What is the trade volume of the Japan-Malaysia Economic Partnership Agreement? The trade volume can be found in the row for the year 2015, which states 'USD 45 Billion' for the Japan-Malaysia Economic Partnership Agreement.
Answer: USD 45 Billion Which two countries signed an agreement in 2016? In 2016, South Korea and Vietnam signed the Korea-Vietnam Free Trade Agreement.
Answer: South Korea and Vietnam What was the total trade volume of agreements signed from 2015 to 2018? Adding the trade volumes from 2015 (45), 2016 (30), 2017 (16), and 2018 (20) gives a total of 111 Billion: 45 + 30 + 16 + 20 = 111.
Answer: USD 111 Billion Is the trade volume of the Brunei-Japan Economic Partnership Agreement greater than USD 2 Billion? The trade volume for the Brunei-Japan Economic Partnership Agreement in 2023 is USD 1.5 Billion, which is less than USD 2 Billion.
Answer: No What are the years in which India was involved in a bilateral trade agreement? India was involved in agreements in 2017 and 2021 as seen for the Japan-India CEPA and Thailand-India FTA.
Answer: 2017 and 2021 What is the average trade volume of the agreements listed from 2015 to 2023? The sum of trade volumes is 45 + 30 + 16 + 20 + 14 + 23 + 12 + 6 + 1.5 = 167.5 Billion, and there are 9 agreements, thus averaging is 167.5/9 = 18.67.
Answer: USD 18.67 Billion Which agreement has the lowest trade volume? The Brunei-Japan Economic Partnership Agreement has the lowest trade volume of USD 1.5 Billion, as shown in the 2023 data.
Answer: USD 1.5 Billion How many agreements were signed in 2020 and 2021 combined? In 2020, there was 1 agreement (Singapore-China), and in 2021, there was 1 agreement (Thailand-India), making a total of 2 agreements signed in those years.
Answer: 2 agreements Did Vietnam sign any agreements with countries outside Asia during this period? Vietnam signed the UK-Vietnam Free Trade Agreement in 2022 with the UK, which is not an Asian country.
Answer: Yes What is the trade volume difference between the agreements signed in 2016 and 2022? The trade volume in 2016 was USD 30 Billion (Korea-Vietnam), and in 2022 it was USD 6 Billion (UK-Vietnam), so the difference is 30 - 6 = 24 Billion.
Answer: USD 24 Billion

-.-.-

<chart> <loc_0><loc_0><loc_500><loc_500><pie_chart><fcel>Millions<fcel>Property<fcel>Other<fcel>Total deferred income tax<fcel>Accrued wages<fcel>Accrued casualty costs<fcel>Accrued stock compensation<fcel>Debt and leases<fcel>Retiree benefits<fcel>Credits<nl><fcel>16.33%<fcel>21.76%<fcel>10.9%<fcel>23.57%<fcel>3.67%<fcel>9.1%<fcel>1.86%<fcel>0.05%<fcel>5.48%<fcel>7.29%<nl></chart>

-.-.-

### HOW TO COMPLETE THIS TASK
Return, word for word, the lines of the data above from the line with "Answer: USD 111" through the line with "Answer: No What", inclusive.

### SOLUTION TO THIS TASK
Answer: USD 111 Billion Is the trade volume of the Brunei-Japan Economic Partnership Agreement greater than USD 2 Billion? The trade volume for the Brunei-Japan Economic Partnership Agreement in 2023 is USD 1.5 Billion, which is less than USD 2 Billion.
Answer: No What are the years in which India was involved in a bilateral trade agreement? India was involved in agreements in 2017 and 2021 as seen for the Japan-India CEPA and Thailand-India FTA.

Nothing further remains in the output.